Однако, Чёрный продолжил.
- И я много думал над тем, что буду делать, когда окажусь в Наружности. Но у меня не вышло. Они были правы, для меня Наружность - такое же абстрактное и глупое понятие, как и для них. И тогда я подумал...
Дверь в туалет с грохотом отворилась, в щель просунулась чья-то любопытная голова. И Курильщик, и Чёрный замерли.
Голова мазнула бритвенно острым взглядом по ним обоим, и, поняв для себя что-то, с оглушительным хрустом захлопнула дверь.
По своей "традиции" Курильщик должен был начать судорожно выяснять, кто же это был.

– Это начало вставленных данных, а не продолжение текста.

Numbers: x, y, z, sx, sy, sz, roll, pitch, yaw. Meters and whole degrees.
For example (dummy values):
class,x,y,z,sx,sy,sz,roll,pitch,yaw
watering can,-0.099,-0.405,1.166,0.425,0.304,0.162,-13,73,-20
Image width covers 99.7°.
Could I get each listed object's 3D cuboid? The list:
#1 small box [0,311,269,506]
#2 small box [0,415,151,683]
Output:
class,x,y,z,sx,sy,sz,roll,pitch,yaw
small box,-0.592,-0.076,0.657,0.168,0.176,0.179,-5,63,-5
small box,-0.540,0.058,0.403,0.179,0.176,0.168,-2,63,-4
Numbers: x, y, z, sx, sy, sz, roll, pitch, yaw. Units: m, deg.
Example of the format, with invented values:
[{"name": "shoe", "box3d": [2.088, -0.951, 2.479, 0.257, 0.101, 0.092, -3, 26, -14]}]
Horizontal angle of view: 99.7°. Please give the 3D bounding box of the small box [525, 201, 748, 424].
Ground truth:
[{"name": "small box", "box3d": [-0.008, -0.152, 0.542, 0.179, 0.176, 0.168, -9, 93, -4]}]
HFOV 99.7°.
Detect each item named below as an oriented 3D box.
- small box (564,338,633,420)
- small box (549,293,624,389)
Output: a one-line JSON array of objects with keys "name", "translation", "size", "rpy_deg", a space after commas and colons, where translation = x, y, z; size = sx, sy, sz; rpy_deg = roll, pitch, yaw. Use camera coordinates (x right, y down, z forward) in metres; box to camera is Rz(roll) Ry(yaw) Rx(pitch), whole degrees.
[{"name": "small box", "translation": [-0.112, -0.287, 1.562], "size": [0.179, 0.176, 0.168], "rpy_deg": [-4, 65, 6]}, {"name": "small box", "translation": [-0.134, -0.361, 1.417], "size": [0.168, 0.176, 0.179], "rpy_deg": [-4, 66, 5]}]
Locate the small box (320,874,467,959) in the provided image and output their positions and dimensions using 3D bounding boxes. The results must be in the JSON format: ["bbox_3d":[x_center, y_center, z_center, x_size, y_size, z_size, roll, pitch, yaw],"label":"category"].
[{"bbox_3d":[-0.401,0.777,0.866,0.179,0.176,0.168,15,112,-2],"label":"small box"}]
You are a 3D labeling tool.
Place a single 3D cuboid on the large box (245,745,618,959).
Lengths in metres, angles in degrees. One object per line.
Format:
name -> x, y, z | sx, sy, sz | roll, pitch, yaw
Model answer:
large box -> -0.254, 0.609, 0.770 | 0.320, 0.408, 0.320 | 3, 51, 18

Но мольбы Чёрного были услышаны, и тот молчал, не сдвинувшись с места, опустив голову и всё так же жестоко сминая в пальцах ни в чём не повинный окурок.
Нить разговора была потеряна, а тонкая атмосфера понимания разрушилась. Но Чёрный сделал попытку всё исправить.
- ... И тогда я подумал, что главное не где я буду находится, а с кем. - закончил он, и Курильщик до мурашек ощутил эту жирную чёрную точку, поставленную в их странном разговоре.
Теперь дверью хрустнул уже Чёрный. Курильщик остался один.
Думать над сказанным не хотелось.
Хотелось всё забыть.
Мальчишке хотелось завыть от тяжкой необходимости раскладывать этот разговор по полочкам бессонными ночами, и он судорожно выцарапнул из пачки ещё одну сигарету.
~***~
Насколько бы Курильщик не хотел забыть тот разговор, не получалось.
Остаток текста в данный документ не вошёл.